Where the records below reach the line containing "void MultinomialKernel(const Context&", start transcribing, and end with the line containing "const int64_t num_categories", exactly and with nothing else added.

__Stored data__.
________________________

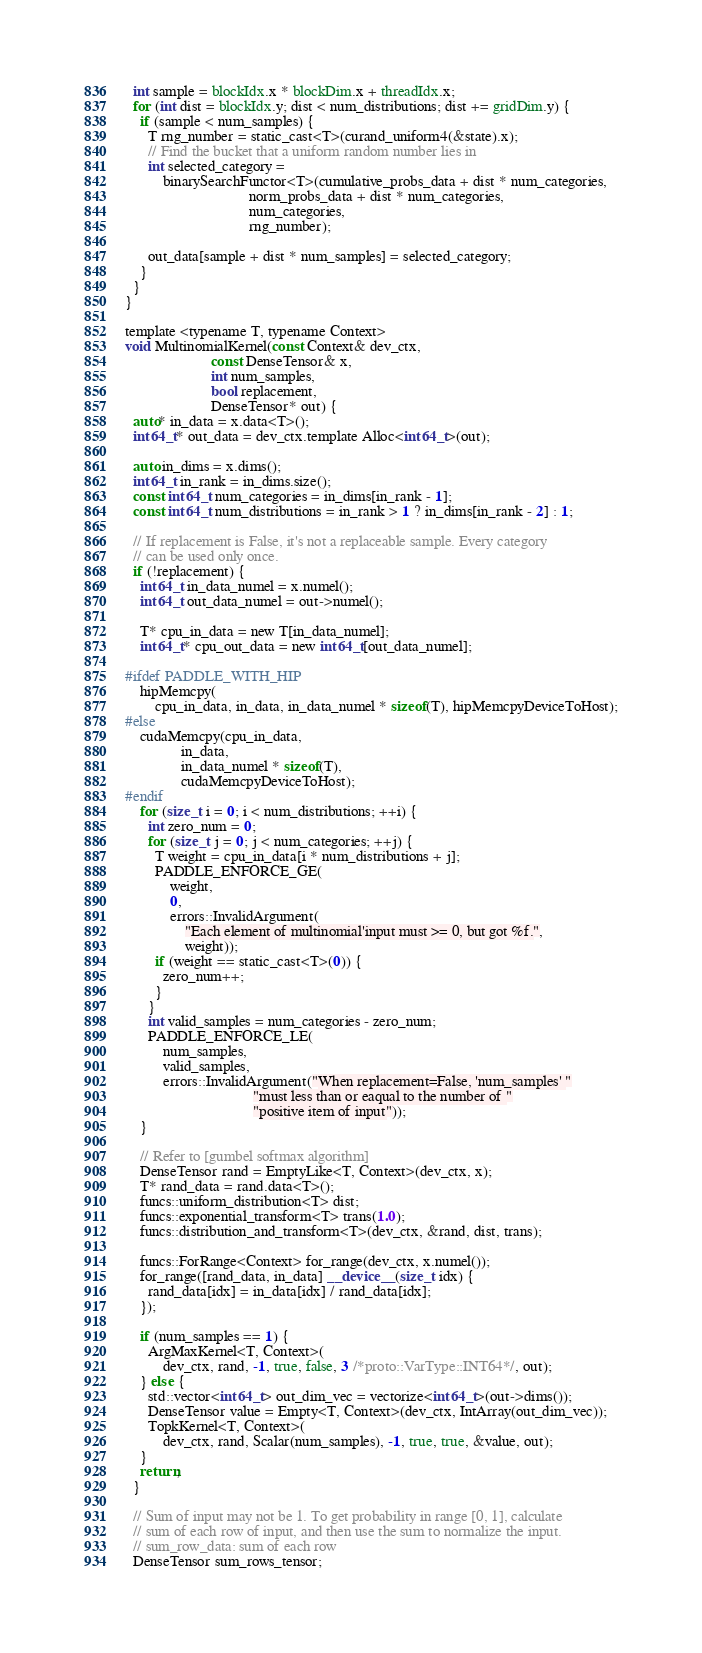<code> <loc_0><loc_0><loc_500><loc_500><_Cuda_>
  int sample = blockIdx.x * blockDim.x + threadIdx.x;
  for (int dist = blockIdx.y; dist < num_distributions; dist += gridDim.y) {
    if (sample < num_samples) {
      T rng_number = static_cast<T>(curand_uniform4(&state).x);
      // Find the bucket that a uniform random number lies in
      int selected_category =
          binarySearchFunctor<T>(cumulative_probs_data + dist * num_categories,
                                 norm_probs_data + dist * num_categories,
                                 num_categories,
                                 rng_number);

      out_data[sample + dist * num_samples] = selected_category;
    }
  }
}

template <typename T, typename Context>
void MultinomialKernel(const Context& dev_ctx,
                       const DenseTensor& x,
                       int num_samples,
                       bool replacement,
                       DenseTensor* out) {
  auto* in_data = x.data<T>();
  int64_t* out_data = dev_ctx.template Alloc<int64_t>(out);

  auto in_dims = x.dims();
  int64_t in_rank = in_dims.size();
  const int64_t num_categories = in_dims[in_rank - 1];
  const int64_t num_distributions = in_rank > 1 ? in_dims[in_rank - 2] : 1;

  // If replacement is False, it's not a replaceable sample. Every category
  // can be used only once.
  if (!replacement) {
    int64_t in_data_numel = x.numel();
    int64_t out_data_numel = out->numel();

    T* cpu_in_data = new T[in_data_numel];
    int64_t* cpu_out_data = new int64_t[out_data_numel];

#ifdef PADDLE_WITH_HIP
    hipMemcpy(
        cpu_in_data, in_data, in_data_numel * sizeof(T), hipMemcpyDeviceToHost);
#else
    cudaMemcpy(cpu_in_data,
               in_data,
               in_data_numel * sizeof(T),
               cudaMemcpyDeviceToHost);
#endif
    for (size_t i = 0; i < num_distributions; ++i) {
      int zero_num = 0;
      for (size_t j = 0; j < num_categories; ++j) {
        T weight = cpu_in_data[i * num_distributions + j];
        PADDLE_ENFORCE_GE(
            weight,
            0,
            errors::InvalidArgument(
                "Each element of multinomial'input must >= 0, but got %f.",
                weight));
        if (weight == static_cast<T>(0)) {
          zero_num++;
        }
      }
      int valid_samples = num_categories - zero_num;
      PADDLE_ENFORCE_LE(
          num_samples,
          valid_samples,
          errors::InvalidArgument("When replacement=False, 'num_samples' "
                                  "must less than or eaqual to the number of "
                                  "positive item of input"));
    }

    // Refer to [gumbel softmax algorithm]
    DenseTensor rand = EmptyLike<T, Context>(dev_ctx, x);
    T* rand_data = rand.data<T>();
    funcs::uniform_distribution<T> dist;
    funcs::exponential_transform<T> trans(1.0);
    funcs::distribution_and_transform<T>(dev_ctx, &rand, dist, trans);

    funcs::ForRange<Context> for_range(dev_ctx, x.numel());
    for_range([rand_data, in_data] __device__(size_t idx) {
      rand_data[idx] = in_data[idx] / rand_data[idx];
    });

    if (num_samples == 1) {
      ArgMaxKernel<T, Context>(
          dev_ctx, rand, -1, true, false, 3 /*proto::VarType::INT64*/, out);
    } else {
      std::vector<int64_t> out_dim_vec = vectorize<int64_t>(out->dims());
      DenseTensor value = Empty<T, Context>(dev_ctx, IntArray(out_dim_vec));
      TopkKernel<T, Context>(
          dev_ctx, rand, Scalar(num_samples), -1, true, true, &value, out);
    }
    return;
  }

  // Sum of input may not be 1. To get probability in range [0, 1], calculate
  // sum of each row of input, and then use the sum to normalize the input.
  // sum_row_data: sum of each row
  DenseTensor sum_rows_tensor;</code>

________________________

__EXERCISE SOLUTION__.
void MultinomialKernel(const Context& dev_ctx,
                       const DenseTensor& x,
                       int num_samples,
                       bool replacement,
                       DenseTensor* out) {
  auto* in_data = x.data<T>();
  int64_t* out_data = dev_ctx.template Alloc<int64_t>(out);

  auto in_dims = x.dims();
  int64_t in_rank = in_dims.size();
  const int64_t num_categories = in_dims[in_rank - 1];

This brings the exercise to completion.